**EXERCISE:** Which lines in the records below contain the word "pixel"? Return each of them.

(Recorded data)
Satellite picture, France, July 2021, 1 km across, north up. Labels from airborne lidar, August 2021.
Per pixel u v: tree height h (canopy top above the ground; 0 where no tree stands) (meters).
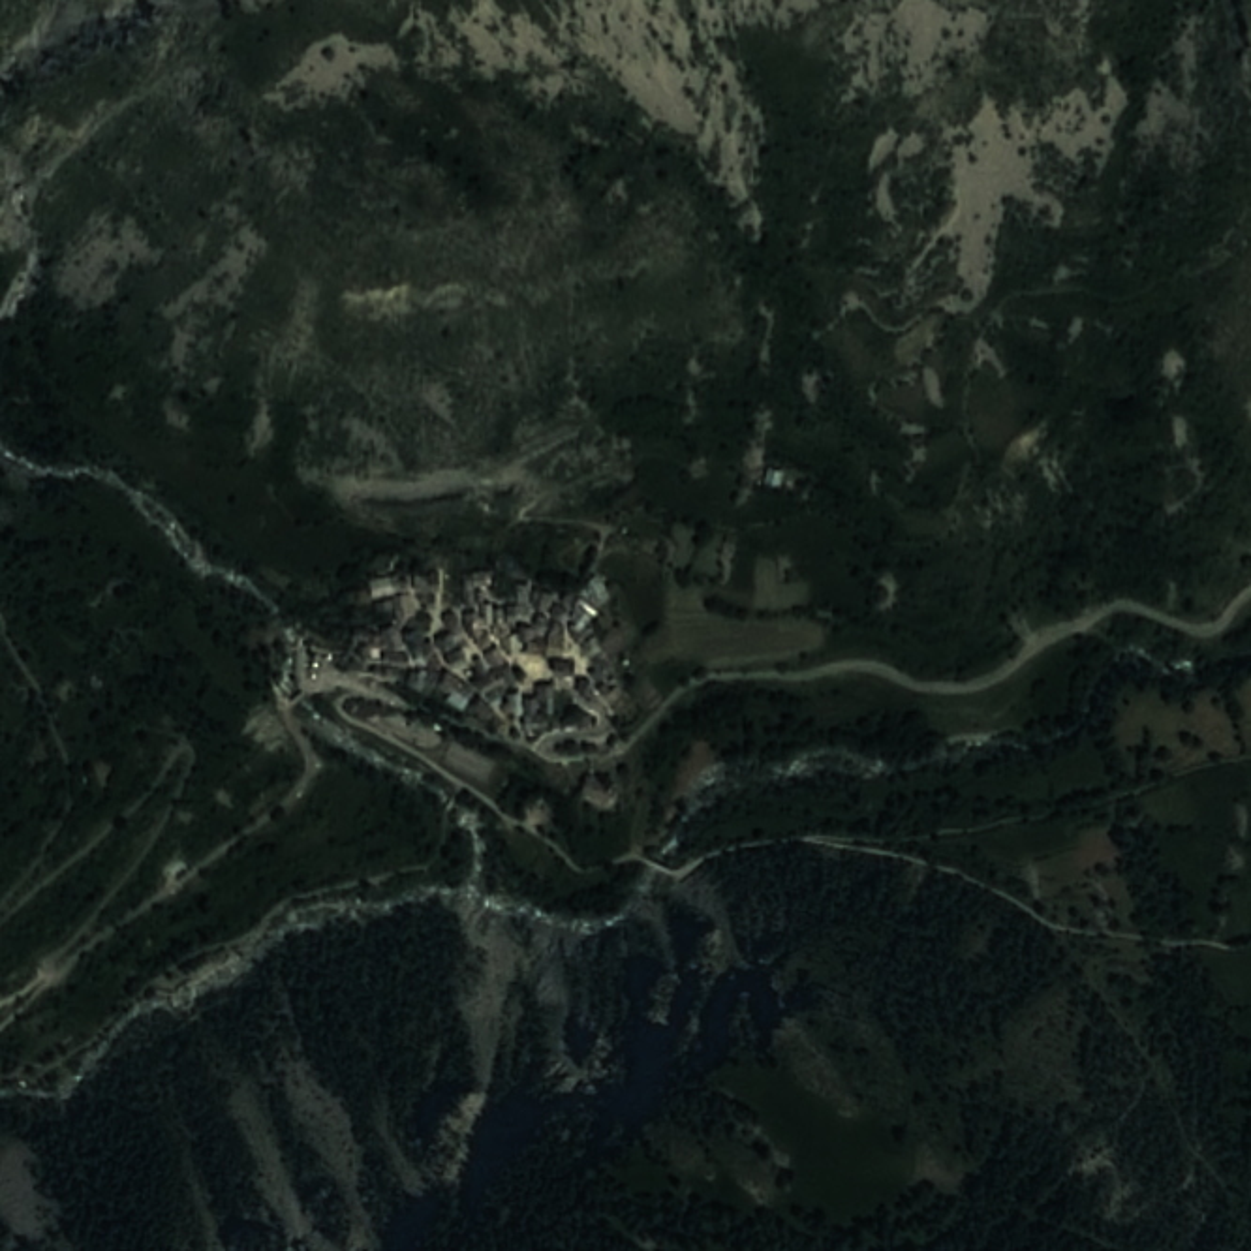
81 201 0
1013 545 6
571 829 11
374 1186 7
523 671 11
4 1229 10
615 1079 6
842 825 10
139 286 0
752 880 6
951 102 0
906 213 6
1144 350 8
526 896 8
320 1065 7
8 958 9
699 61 7
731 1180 0
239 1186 6
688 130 0
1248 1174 17
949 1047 10
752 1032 16
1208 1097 11
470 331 0
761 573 0
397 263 0
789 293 6
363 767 15
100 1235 20
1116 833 12
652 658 0
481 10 0
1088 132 0
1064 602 12
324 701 9
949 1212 19
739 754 15
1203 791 0
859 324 0
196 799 6
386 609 6
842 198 8
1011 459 0
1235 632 9
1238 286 0
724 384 7
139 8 0
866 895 19
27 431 7
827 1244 14
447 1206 26
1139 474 8
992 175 0
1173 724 0
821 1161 0
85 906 10
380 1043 8
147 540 0
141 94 0
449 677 0
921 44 0
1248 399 0
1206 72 6
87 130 0
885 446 8
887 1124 0
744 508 0
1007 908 11
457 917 7
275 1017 10
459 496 0
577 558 0
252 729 0
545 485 0
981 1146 21
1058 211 0
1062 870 0
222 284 7
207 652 0
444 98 0
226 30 0
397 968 18
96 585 7
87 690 7
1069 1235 13
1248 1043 13
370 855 8
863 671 0
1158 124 0
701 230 6
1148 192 6
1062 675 0
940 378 0
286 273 0
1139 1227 12
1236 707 12
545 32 0
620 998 6
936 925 18
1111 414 11
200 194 0
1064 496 7
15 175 0
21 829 10
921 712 12
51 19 0
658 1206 13
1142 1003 7
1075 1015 8
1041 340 0
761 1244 26
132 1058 8
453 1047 6
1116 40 8
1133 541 14
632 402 10
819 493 7
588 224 0
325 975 11
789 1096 0
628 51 0
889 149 0
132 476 9
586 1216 24
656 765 7
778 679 0
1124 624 15
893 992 15
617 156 0
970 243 0
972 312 0
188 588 7
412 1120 8
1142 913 11
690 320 0
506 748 11
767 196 6
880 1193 0
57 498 8
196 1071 6
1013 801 8
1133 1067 8
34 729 9
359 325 0
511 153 0
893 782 8
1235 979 0
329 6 0
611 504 10
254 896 0
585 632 0
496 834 7
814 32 0
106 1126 15
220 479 0
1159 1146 8
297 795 0
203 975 0
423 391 0
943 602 6
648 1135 15
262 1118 0
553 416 8
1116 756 12
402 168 0
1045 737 13
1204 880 0
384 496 0
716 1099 23
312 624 6
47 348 14
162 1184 21
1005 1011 14
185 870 7
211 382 0
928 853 19
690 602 0
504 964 0
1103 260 6
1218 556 7
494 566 6
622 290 13
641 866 13
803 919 9
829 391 7
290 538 0
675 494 0
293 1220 0
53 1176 12
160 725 0
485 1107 0
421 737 0
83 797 12
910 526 0
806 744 13
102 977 10
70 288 0
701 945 5
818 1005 8
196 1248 10
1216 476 7
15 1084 9
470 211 0
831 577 0
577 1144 16
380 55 0
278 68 0
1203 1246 13
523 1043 9
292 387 0
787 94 0
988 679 0
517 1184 22
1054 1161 12
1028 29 0
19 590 6
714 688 12
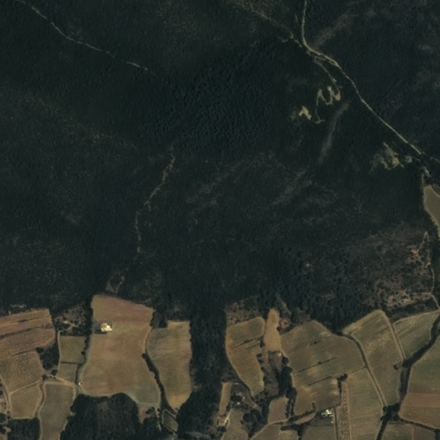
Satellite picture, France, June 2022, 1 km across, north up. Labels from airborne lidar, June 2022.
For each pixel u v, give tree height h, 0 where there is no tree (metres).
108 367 0
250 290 6
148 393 0
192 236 6
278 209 6
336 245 6
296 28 10
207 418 10
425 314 0
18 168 10
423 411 0
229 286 8
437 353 0
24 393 0
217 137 7
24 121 6
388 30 6
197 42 7
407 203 7
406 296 7
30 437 13
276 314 0
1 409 0
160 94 9
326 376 0
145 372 0
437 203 0
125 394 9
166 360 0
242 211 8
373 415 0
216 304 6
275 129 5
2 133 8
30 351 0
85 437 6
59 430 0
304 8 8
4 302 9
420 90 7
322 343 0
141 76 13
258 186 7
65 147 6
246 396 0
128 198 5
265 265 8
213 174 7
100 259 8
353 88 7
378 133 5
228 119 7
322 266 6
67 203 7
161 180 6
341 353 0
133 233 5
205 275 6
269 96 8
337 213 5
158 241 5
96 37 9
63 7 8
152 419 9
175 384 0
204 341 9
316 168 6
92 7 5
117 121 6
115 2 5
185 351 0
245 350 0
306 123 7
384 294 9
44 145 6
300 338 0
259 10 7
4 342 0
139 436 10
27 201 9
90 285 6
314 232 6
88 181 7
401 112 8
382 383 0
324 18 6
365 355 0
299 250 7
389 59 6
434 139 8
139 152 6
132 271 10
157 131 7
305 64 7
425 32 7
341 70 9
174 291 7
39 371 0
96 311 0
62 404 0
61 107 6
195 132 12
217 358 10
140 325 0
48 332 0
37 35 6
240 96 6
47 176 6
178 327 0
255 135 10
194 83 13
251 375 0
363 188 6
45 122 7
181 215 6
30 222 5
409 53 8
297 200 9
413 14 6
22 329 0
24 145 7
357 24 7
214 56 8
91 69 9
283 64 9
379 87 8
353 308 11
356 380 0
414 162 14
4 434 6
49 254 7
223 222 6
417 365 0
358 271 6
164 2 12
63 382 0
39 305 7
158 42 7
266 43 8
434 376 0
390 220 8
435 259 11
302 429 8
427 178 16
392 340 0
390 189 11
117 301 0
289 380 9
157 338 0
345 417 0
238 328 0
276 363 0
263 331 0
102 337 0
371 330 0
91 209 6
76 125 6
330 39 7
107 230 8
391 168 6
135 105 8
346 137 6
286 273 8
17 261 6
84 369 0
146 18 10
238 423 0
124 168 6
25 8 8
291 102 7
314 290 6
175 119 14
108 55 7
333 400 0
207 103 9
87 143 8
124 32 7
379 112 14
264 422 22
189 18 6
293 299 16
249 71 9
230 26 8
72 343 0
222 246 9
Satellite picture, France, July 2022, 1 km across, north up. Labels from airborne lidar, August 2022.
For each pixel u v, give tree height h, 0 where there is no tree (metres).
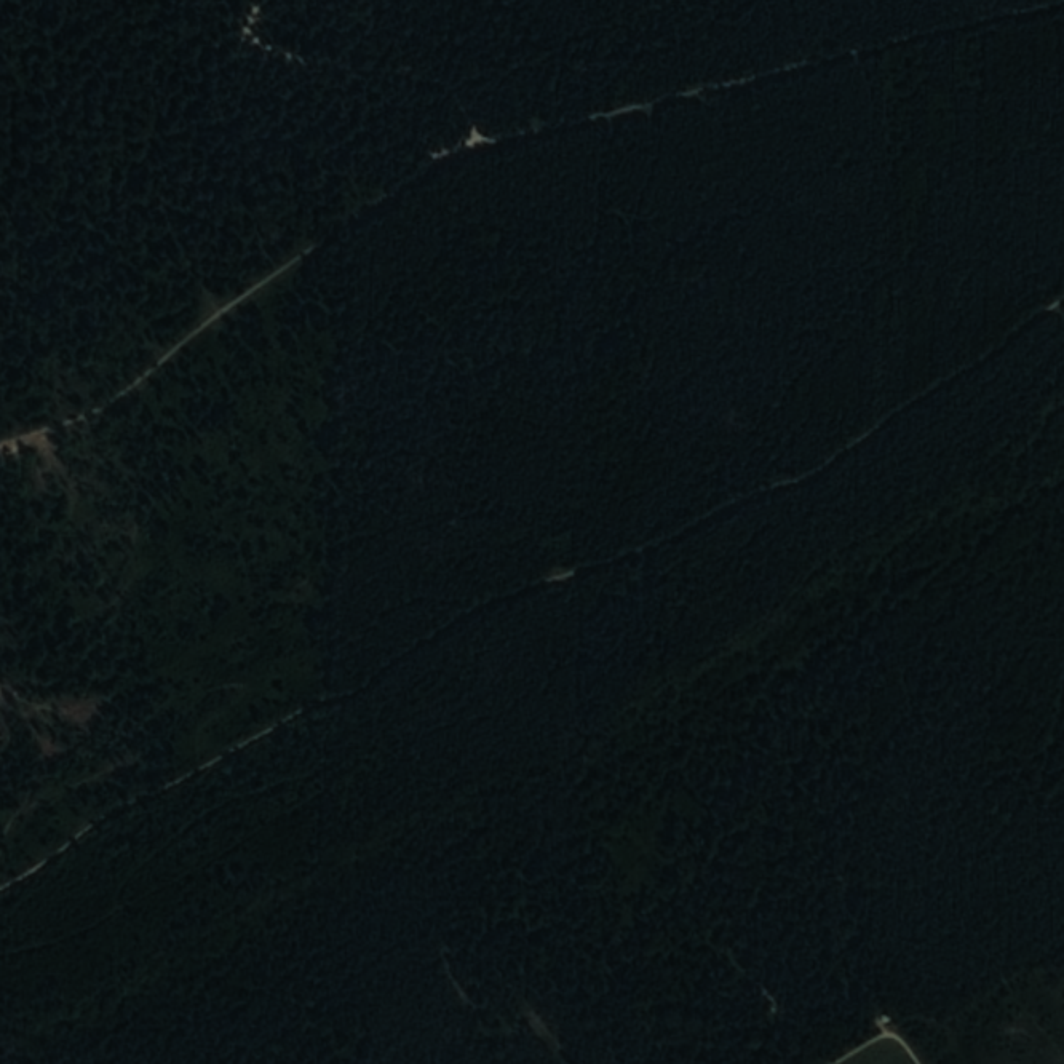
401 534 19
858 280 19
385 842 12
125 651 8
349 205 18
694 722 16
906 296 13
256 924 14
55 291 29
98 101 13
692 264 23
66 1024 24
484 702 18
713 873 21
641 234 18
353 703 19
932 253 16
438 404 30
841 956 9
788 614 12
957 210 14
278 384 8
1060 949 17
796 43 18
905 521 9
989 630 12
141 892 6
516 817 18
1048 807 21
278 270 0
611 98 23
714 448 12
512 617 15
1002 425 13
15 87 16
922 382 15
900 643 14
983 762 14
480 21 23
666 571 7
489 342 22
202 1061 17
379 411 27
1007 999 9
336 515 26
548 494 18
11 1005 11
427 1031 23
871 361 15
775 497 12
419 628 18
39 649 25
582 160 17
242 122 42
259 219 29
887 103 9
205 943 12
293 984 19
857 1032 10
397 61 25
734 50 18
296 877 11
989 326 14
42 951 6
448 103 25
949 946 13
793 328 18
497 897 20
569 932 17
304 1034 15
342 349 15
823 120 15
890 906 21
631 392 20
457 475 19
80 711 0
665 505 12
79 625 15
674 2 21
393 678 17
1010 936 14
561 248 26
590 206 21
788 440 6
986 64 14
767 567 12
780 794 21
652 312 21
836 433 10
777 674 9
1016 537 11
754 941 27
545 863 26
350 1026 20
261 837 6
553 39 23
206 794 8
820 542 11
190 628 15
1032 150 12
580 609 17
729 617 11
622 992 23
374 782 13
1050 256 13
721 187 12
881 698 15
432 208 20
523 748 15
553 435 19
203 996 24
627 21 18
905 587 19
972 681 18
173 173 31
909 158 12
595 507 16
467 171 20
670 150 14
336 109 28
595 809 18
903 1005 17
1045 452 11
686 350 21
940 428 11
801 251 21
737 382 21
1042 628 8
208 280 15
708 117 16
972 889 14
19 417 16
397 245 20
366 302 20
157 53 26
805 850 26
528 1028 20
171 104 21
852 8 18
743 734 8
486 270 25
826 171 19
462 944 17
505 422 20
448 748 18
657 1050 23
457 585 18
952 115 12
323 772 10
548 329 16
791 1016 24
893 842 21
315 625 16
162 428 13
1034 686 10
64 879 7
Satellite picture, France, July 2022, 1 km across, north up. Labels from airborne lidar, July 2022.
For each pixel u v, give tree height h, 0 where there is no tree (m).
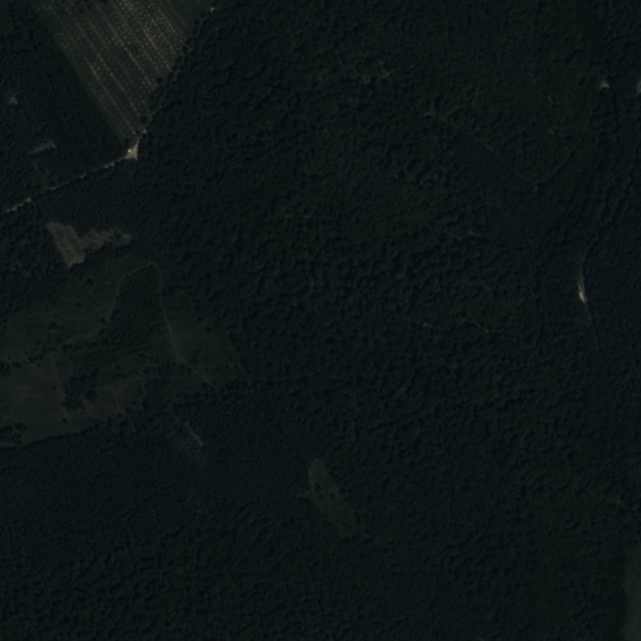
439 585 16
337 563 19
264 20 26
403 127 30
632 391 18
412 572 12
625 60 24
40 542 17
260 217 14
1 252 18
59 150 14
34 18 18
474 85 15
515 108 20
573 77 24
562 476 9
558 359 21
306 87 31
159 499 22
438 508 24
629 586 0
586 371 21
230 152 18
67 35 0
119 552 27
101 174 19
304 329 22
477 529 24
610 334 20
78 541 17
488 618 26
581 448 33
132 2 0
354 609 23
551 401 27
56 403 0
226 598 23
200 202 26
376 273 16
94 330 0
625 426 26
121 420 15
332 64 38
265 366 25
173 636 30
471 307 23
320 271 26
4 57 25
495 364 17
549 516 31
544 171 15
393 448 26
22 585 12
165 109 13
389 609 17
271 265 24
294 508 22
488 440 23
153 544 28
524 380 27
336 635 17
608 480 15
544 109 21
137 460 20
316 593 19
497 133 30
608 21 16
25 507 18
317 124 9
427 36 17
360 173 23
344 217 26
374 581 14
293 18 10
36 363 17
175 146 19
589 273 18
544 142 22
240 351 21
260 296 24
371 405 23
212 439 15
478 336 22
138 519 21
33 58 21
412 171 38
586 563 27
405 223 17
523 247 27
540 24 28
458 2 20
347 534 0
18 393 0
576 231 22
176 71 14
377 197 19
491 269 24
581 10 8
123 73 0
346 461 14
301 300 30
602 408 21
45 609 28
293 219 10
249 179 23
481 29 18
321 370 25
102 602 26
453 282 24
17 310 12
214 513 23
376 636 22
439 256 21
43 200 18
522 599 24
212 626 29
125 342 7
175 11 0
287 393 25
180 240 24
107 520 17
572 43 27
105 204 17
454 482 17
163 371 11
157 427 24
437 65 20
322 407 21
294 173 10
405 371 23
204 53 20
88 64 0
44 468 16
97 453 14
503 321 22
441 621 18
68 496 14
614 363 19
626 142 31
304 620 28
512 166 9
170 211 19
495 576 21
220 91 26
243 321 16
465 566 21
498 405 15
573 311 22
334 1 31
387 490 23
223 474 18
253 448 20
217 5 15
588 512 28
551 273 18
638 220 26
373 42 19
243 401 21
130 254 15
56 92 19
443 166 9
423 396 26
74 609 23
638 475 28
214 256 27
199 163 23
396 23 25
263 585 19
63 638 23
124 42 0
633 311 23
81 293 0
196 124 21
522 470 38
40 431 0
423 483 24
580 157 32
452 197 28
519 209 24
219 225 26
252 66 26
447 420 19
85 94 20
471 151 21
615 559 16
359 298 32
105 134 12
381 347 25
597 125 25
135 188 13
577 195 18
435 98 9
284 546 21
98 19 0
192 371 14
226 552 19
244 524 24
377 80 30
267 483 18
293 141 22
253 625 20
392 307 28
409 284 13
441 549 23
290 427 18
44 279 21
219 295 24
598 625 22
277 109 32
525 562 13
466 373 34
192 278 25
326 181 23
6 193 18
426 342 25
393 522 19
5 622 26
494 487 23
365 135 12
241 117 21
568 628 28
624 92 31
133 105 0
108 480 19
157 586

**SOLUTION TO THE PROBLEM:**
Per pixel u v: tree height h (canopy top above the ground; 0 where no tree stands) (meters).
For each pixel u v, give tree height h, 0 where there is no tree (metres).
For each pixel u v, give tree height h, 0 where there is no tree (metres).
For each pixel u v, give tree height h, 0 where there is no tree (m).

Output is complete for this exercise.